The original governing body of amateur boxing was founded in 1920 and was known as the “Federacion Internationale de Boxe Amateur (FIBA).” The name of the body was changed in 1946 to the “Association Internationale de Boxe Amateur (AIBA).”
USA Boxing National Level & AIBA
The scoring system used at the national and international level is slightly more complex than the system described above. At the national and international levels, judges use two electronic buttons. Each time a judge sees a clean punch, he pushes the button for the boxer who landed the blow. Three of the five judges must push their button within one second of the blow in order for the punch to be recorded as a scoring blow. When three of the five judges are in agreement, the boxer who landed the punch receives one point.
The scores for each boxer are visible throughout the bout and are tallied on a continuous basis throughout the match. The boxer with the most points at the end of the bout wins the match. If the scores are equal at the end of the bout, the judges vote on the winner by taking into consideration style and defense.
Referee Stopped Contest
“Standing Eight Counts” are common in amateur boxing. A standing eight count occurs when a boxer appears to have been stunned by a punch or series of punches. The referee sends the opposing boxer to a neutral corner and counts to eight while determining whether the stunned boxer is able to continue fighting. Standing eight counts do not count against a boxer’s score, but are used to ensure the safety of competitors.

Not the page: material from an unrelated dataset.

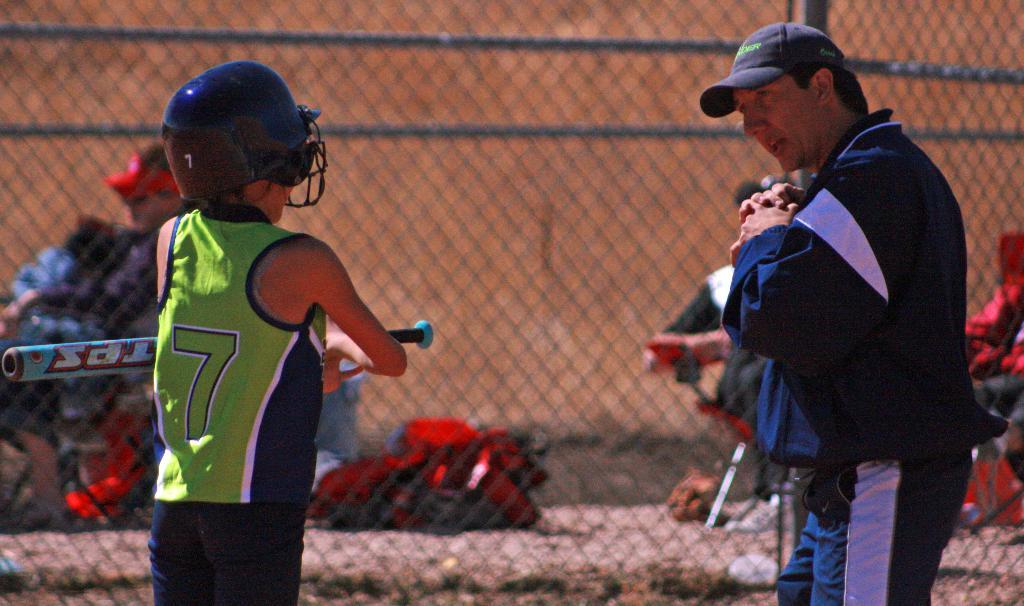How many people are present in the image? There are four persons in the image. What are the positions of the people in the image? Two of the persons are sitting on chairs, and two are standing on the ground. What can be seen in the background of the image? There is a fence in the image. What else is present on the ground in the image? There are other objects on the ground in the image. What type of finger can be seen holding a tiger in the image? There is no finger or tiger present in the image. How many trains are visible in the image? There are no trains visible in the image. 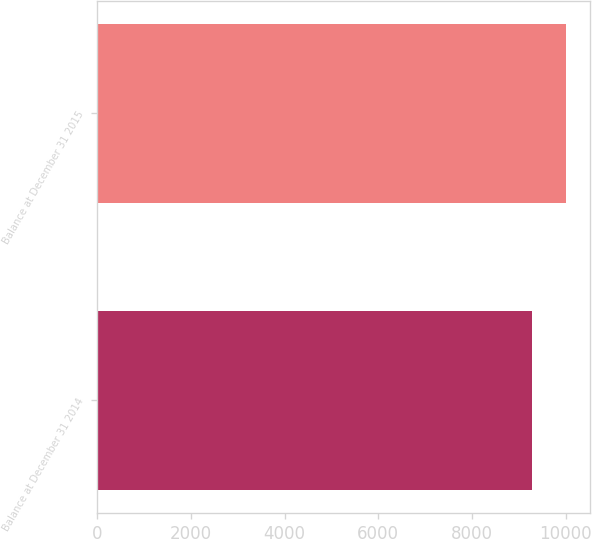Convert chart. <chart><loc_0><loc_0><loc_500><loc_500><bar_chart><fcel>Balance at December 31 2014<fcel>Balance at December 31 2015<nl><fcel>9284<fcel>10019<nl></chart>

The referee does have the power to stop a bout, though. Such a decision would be marked as a “Referee Stopped Contest” (RSC), and protects the boxer who appears to be taking punishment. Some types of RSC’s are:
- Referee Stopped Contest for Injury (RSC): Such a stoppage occurs when the referee feels a sustained injury does not allow a boxer to safely continue.
- Referee Stopped Contest Outclassed (RSCOC): This stoppage is the most common type of RSC. It occurs when one boxer simply appears to be taking excessive punishment.
- Referee Stopped Contest Headshots RSCH: Hard blows landed to the head of a competitor can result in such a ruling.
The governing bodies of amateur boxing design the rules to protect boxers. Conversely, bodies governing professional bouts do not use standing eight counts, and they allow boxers to receive more punishment prior to stopping a match. Also, amateur boxers wear protective headgear while professionals do not.
A referee can also rule a “no-contest” if something occurs outside of the boxers’ control, such as a lighting malfunction or damage to the ring. In this circumstance, neither boxer wins.
When the referee gives a warning to a boxer for committing a foul – and the majority of the judges agree with the ruling – the boxer on the receiving end of the illegal blow receives two additional points. Under the tallying system, two clean blows are added to the fouled boxer’s score. Three cautions lead to a warning, and three warnings result in a disqualification. Learn more about what constitutes a "foul" in our Rules & Regulations page for boxing.
Nobody is Perfect
Although amateur scoring systems involve less subjectivity, unfair decisions sometimes occur. Since the referee has the ability to stop a bout, he could potentially stop a match early even though the boxer feels he can continue. Also, close-range, clean punches often go unnoticed because they are difficult to see from the judges’ point of view. Thus, inside fighters can lose close matches because of a judging error. In general, judges may disagree on which punches are clean throughout a bout, resulting in varying scores.
Amateur boxing is similar to professional boxing, though, in that the judges normally favor the more active boxer. It benefits amateurs and professionals alike to throw a significant number of punches and work hard to maintain their own distinct style throughout the match.